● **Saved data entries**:
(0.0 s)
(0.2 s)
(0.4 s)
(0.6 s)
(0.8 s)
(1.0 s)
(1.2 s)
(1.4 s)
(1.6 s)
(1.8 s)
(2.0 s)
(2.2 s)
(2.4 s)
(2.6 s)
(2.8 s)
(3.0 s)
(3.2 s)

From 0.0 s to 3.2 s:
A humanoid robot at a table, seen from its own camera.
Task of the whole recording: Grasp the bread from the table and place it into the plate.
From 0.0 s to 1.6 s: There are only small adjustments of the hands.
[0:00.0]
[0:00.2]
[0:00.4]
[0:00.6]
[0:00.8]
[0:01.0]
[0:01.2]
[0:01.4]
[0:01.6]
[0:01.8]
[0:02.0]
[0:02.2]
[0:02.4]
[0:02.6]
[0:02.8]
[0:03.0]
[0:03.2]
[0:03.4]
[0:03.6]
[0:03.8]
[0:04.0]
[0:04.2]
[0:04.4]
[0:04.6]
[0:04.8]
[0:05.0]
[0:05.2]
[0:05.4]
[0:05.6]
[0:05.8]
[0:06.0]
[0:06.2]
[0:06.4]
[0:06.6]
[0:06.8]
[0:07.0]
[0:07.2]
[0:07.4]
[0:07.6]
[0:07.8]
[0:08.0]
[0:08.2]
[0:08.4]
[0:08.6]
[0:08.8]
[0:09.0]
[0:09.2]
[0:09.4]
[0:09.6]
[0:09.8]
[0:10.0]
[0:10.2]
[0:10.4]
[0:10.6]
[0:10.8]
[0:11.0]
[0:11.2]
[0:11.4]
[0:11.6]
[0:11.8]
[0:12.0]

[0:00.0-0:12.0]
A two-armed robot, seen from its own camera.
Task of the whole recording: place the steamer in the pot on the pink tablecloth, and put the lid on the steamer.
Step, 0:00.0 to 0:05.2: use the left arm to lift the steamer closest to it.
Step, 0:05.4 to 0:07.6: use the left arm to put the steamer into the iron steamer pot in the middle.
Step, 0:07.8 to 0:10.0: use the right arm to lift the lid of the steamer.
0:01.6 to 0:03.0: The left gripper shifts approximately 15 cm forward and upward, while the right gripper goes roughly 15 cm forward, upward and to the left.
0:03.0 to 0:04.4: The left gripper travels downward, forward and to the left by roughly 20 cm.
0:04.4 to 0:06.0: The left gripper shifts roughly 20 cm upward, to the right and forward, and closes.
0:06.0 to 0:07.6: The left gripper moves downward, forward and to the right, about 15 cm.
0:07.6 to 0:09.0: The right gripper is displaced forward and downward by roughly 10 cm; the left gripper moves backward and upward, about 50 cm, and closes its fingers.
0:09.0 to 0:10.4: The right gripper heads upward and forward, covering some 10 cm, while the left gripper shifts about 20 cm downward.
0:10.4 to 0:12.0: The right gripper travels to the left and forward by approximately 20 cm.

● **EXERCISE AIM**: Please write out each entry shown above exactly as given.

● **WRITTEN ANSWER**:
(0.0 s)
(0.2 s)
(0.4 s)
(0.6 s)
(0.8 s)
(1.0 s)
(1.2 s)
(1.4 s)
(1.6 s)
(1.8 s)
(2.0 s)
(2.2 s)
(2.4 s)
(2.6 s)
(2.8 s)
(3.0 s)
(3.2 s)

From 0.0 s to 3.2 s:
A humanoid robot at a table, seen from its own camera.
Task of the whole recording: Grasp the bread from the table and place it into the plate.
From 0.0 s to 1.6 s: There are only small adjustments of the hands.
[0:00.0]
[0:00.2]
[0:00.4]
[0:00.6]
[0:00.8]
[0:01.0]
[0:01.2]
[0:01.4]
[0:01.6]
[0:01.8]
[0:02.0]
[0:02.2]
[0:02.4]
[0:02.6]
[0:02.8]
[0:03.0]
[0:03.2]
[0:03.4]
[0:03.6]
[0:03.8]
[0:04.0]
[0:04.2]
[0:04.4]
[0:04.6]
[0:04.8]
[0:05.0]
[0:05.2]
[0:05.4]
[0:05.6]
[0:05.8]
[0:06.0]
[0:06.2]
[0:06.4]
[0:06.6]
[0:06.8]
[0:07.0]
[0:07.2]
[0:07.4]
[0:07.6]
[0:07.8]
[0:08.0]
[0:08.2]
[0:08.4]
[0:08.6]
[0:08.8]
[0:09.0]
[0:09.2]
[0:09.4]
[0:09.6]
[0:09.8]
[0:10.0]
[0:10.2]
[0:10.4]
[0:10.6]
[0:10.8]
[0:11.0]
[0:11.2]
[0:11.4]
[0:11.6]
[0:11.8]
[0:12.0]

[0:00.0-0:12.0]
A two-armed robot, seen from its own camera.
Task of the whole recording: place the steamer in the pot on the pink tablecloth, and put the lid on the steamer.
Step, 0:00.0 to 0:05.2: use the left arm to lift the steamer closest to it.
Step, 0:05.4 to 0:07.6: use the left arm to put the steamer into the iron steamer pot in the middle.
Step, 0:07.8 to 0:10.0: use the right arm to lift the lid of the steamer.
0:01.6 to 0:03.0: The left gripper shifts approximately 15 cm forward and upward, while the right gripper goes roughly 15 cm forward, upward and to the left.
0:03.0 to 0:04.4: The left gripper travels downward, forward and to the left by roughly 20 cm.
0:04.4 to 0:06.0: The left gripper shifts roughly 20 cm upward, to the right and forward, and closes.
0:06.0 to 0:07.6: The left gripper moves downward, forward and to the right, about 15 cm.
0:07.6 to 0:09.0: The right gripper is displaced forward and downward by roughly 10 cm; the left gripper moves backward and upward, about 50 cm, and closes its fingers.
0:09.0 to 0:10.4: The right gripper heads upward and forward, covering some 10 cm, while the left gripper shifts about 20 cm downward.
0:10.4 to 0:12.0: The right gripper travels to the left and forward by approximately 20 cm.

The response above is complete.